AP Photo/Pablo Martinez Monsivais

Can Trump and Putin Save Nuclear Arms Control In Paris?

Their Nov. 11 meeting might just be their last chance.

U.S. President Donald Trump is expected to meet briefly with Russian President Vladimir Putin in Paris on Nov. 11, just weeks after announcing a misguided plan to scrap the 1987 Intermediate-Range Nuclear Forces Treaty. Unless Trump shifts gears, this could be the last chance to save INF — and nuclear arms control itself.

Public opposition to Trump’s INF announcement was swift and blunt. The European Union said, “The world doesn’t need a new arms race.” Sen. Bob Corker, R-Tenn., said that he hoped that “we’re not moving down the path to undo much of the nuclear arms control treaties that we have put in place.” And President Reagan’s secretary of state, George Schultz, who negotiated INF, said, “Now is not the time to build larger arsenals of nuclear weapons.”

This is not idle hype. If the INF Treaty collapses, National Security Advisor John Bolton, an ardent foe of bipartisan arms control, would shift his sights to the 2010 New START Treaty. And if New START is not extended by 2021, its lapse would, for the first time in 50 years, leave U.S. and Russian nuclear arsenals unconstrained by any verifiable limits. This would give Moscow free rein to build more nuclear weapons. The United States would respond in kind. A new nuclear arms race would ensue. The only winners in such a race would be defense contractors.

And it could get worse. The 1968 Nuclear Non-Proliferation Treaty, the historic deal that keeps The Bomb from spreading to yet more nations, is built on the premise that the U.S. and Russia will work to cut and eventually eliminate their arsenals. If that process now shifts into reverse, nations could begin to question their support for the NPT. The last thing we need is more states like North Korea seeking the bomb.

Related: This Army Missile Might be the Pentagon’s First Post-INF Weapon

Related: Four Perfectly Trump Reasons Why He Wants Out of the INF Treaty

Related: Nothing About Trashing the INFTreaty Makes the US Safer

We tend to forget that it was the United States that built the arms control framework—over decades, under Republican and Democratic presidents—because it serves our security interest to control the spread of nuclear weapons. We did not do this out of the good of our hearts. As Gen. John Hyten, commander of U.S. Strategic Command, told Congress last year, “bilateral, verifiable arms control agreements are essential to our ability to provide an effective deterrent.” A nuclear weapons free-for-all makes the world more dangerous and nuclear war more likely.

So, let’s not go back there. One nuclear arms race was one too many. The first step on the road to a saner future is to save the INF Treaty. Here’s how.

To start, the Trump administration needs to stop claiming that it has tried everything it can think of to get Russia back into compliance with INF. The day before Halloween, Defense Secretary James Mattis said, “We are doing everything we can to try to find any option. And if any of you have any good ideas please send me an email. It seems like every nut in America has my email address, I’m sure you can find it and send it to me.”

But, in reality, the United States has done very little to appeal to Moscow. True, Russia is reportedly in violation of INF, having deployed a prohibited cruise missile. However, Russia claims that U.S. missile interceptor deployments in Romania and Poland also violate the treaty by providing a base for U.S. Tomahawk cruise missiles. There is a potential deal here, but it does not appear that the U.S. side has pursued it with Moscow.

And now the door to diplomacy may be closing. On Friday, Russian Foreign Minister Sergei Lavrov said that Moscow is ready to discuss INF issues, “but as we understand it, the U.S. decision is final. It will be announced officially soon, and a six-month countdown will begin, after which the decision to terminate the [INF Treaty] will become a reality.”

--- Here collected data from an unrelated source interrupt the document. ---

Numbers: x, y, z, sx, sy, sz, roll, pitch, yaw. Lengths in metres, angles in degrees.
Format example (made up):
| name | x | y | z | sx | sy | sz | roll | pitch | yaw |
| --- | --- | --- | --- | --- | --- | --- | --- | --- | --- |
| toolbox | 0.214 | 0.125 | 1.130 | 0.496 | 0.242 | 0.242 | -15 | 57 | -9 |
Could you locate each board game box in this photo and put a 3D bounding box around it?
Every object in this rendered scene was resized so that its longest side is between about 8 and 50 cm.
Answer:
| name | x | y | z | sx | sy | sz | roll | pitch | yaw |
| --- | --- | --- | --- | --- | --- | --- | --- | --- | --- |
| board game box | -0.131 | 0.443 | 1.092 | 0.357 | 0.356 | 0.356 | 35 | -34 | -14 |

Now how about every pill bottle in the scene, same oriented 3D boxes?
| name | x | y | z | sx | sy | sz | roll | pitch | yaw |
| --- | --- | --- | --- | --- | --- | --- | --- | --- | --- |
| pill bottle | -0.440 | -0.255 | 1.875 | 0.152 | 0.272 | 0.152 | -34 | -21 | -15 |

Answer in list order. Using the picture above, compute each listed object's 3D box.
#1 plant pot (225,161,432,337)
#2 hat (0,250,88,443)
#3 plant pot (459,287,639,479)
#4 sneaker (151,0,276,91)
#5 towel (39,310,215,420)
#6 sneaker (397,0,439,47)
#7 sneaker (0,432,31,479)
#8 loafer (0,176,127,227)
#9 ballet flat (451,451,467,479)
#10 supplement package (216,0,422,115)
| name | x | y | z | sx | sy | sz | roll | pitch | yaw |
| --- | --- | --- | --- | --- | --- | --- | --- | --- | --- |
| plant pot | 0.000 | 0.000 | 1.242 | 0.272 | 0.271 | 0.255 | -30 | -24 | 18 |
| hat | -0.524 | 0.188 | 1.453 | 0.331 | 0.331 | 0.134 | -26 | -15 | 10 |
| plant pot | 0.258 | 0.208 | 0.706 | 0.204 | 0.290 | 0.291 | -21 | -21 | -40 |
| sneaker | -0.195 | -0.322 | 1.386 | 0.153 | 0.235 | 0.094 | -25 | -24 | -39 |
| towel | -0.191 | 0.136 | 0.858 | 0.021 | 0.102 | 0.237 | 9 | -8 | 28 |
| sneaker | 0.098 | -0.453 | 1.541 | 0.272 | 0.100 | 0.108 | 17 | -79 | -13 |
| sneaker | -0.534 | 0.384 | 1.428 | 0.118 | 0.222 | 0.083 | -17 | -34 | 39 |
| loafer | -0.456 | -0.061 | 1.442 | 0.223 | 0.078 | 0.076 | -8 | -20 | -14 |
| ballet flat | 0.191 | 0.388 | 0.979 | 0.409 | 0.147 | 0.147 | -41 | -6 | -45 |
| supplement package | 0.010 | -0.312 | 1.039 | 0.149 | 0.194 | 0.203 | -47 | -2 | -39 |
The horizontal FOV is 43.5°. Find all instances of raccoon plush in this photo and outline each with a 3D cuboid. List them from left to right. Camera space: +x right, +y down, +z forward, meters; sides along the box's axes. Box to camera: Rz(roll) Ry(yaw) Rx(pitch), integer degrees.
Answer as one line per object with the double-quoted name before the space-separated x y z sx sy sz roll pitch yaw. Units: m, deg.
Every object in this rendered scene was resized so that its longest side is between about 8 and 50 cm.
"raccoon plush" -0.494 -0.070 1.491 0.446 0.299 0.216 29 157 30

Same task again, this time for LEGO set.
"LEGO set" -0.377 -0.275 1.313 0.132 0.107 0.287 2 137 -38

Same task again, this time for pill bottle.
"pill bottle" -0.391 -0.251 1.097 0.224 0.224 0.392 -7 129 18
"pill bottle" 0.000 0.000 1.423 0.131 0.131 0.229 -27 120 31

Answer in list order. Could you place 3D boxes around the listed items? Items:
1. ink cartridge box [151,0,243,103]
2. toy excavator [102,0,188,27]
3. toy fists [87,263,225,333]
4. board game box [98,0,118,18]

President Trump should hold Bolton at bay and delay any decision on INF until he talks to Putin in Paris or later this month in Buenos Aires. There, Trump should offer to start the conversation on nuclear weapons that he and Putin discussed months ago in Helsinki. At that meeting, Trump said nuclear weapons are “the greatest threat of our world today,” and that “we have to do something about nuclear, and so that was a matter that we discussed actually in great detail, and President Putin agrees with me.” President Putin said Russia wanted to “work together…on the disarmament agenda,” including INF, New START, U.S. anti-missile systems, and weapons in space.

After they meet, the two nations should open a broad conversation about INF that takes into account both side’s concerns. They should extend New START and go beyond that to deeper arms reductions. If they do, they will inevitably bump into the issue of missile defense. Moscow still resents the Bush administration’s unilateral withdrawal from the Anti-Ballistic Missile Treaty in 2002. It was that fateful and senseless act, also orchestrated by Bolton, that set Moscow on its current course to undermine INF.

Like President Reagan and Premier Gorbachev before them, Trump and Putin could use their next meetings to forge a new, transformative partnership on nuclear weapons. It is time to bring arms control back into the spotlight.